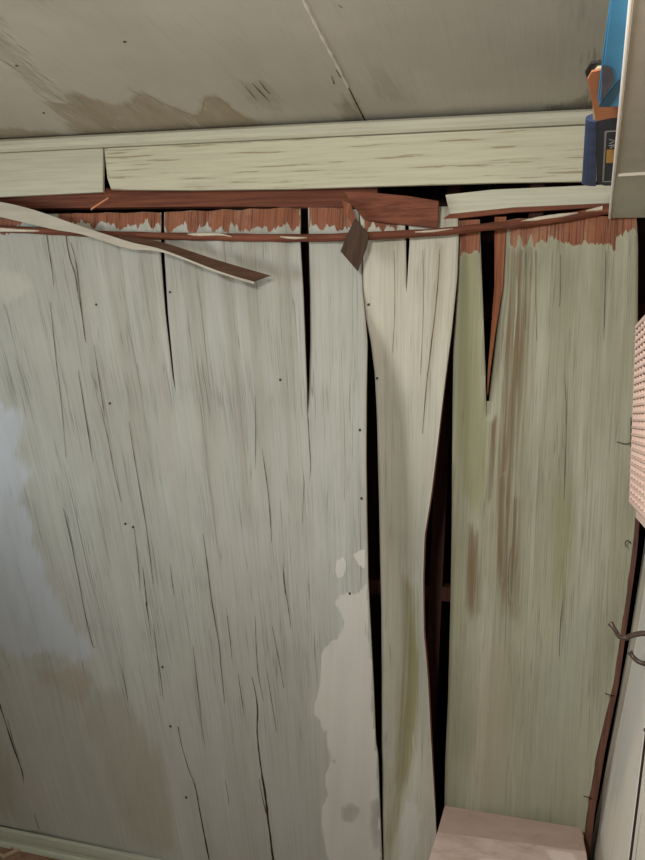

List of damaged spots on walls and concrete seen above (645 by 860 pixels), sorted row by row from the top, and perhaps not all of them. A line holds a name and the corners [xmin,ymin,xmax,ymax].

damp [0,85,280,139]
crack [331,70,366,121]
peeling [0,217,39,239]
peeling [55,208,405,239]
peeling [506,206,637,255]
crack [46,235,174,696]
crack [255,405,272,543]
damp [417,239,608,825]
crack [203,536,291,860]
crack [0,705,24,783]
crack [178,727,210,860]
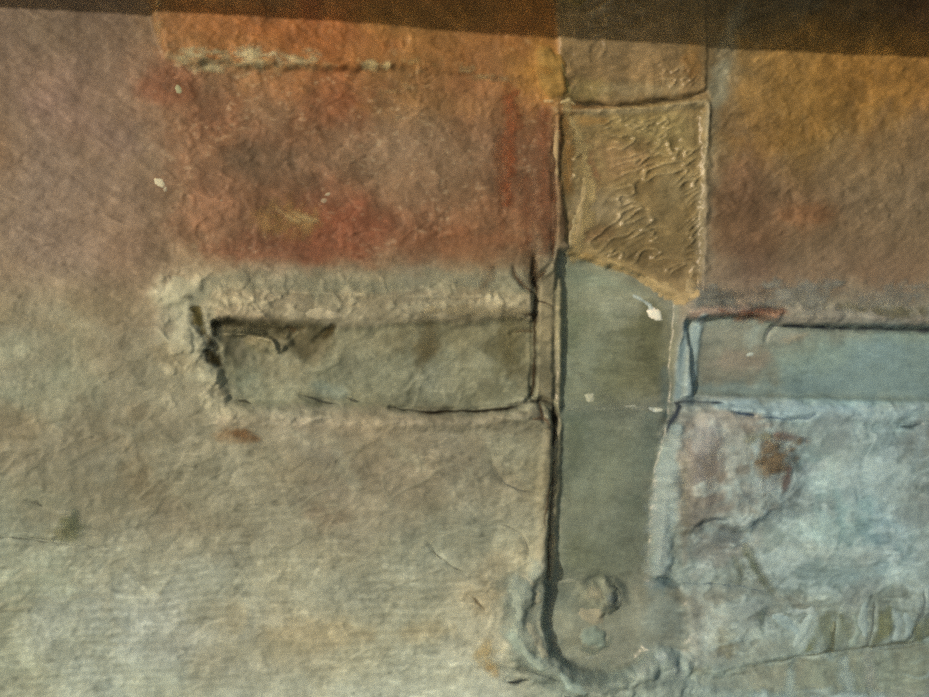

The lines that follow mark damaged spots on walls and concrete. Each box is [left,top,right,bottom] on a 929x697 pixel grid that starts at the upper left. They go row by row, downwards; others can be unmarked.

▸ Brief: Type out the data above once more, exactly, with no images included.

▸ Response to the exercise:
List of damaged spots on walls and concrete seen above (645 by 860 pixels), sorted row by row from the top, and perhaps not all of them. A line holds a name and the corners [xmin,ymin,xmax,ymax].

damp [0,85,280,139]
crack [331,70,366,121]
peeling [0,217,39,239]
peeling [55,208,405,239]
peeling [506,206,637,255]
crack [46,235,174,696]
crack [255,405,272,543]
damp [417,239,608,825]
crack [203,536,291,860]
crack [0,705,24,783]
crack [178,727,210,860]

The lines that follow mark damaged spots on walls and concrete. Each box is [left,top,right,bottom] on a 929x697 pixel grid that starts at the upper left. They go row by row, downwards; others can be unmarked.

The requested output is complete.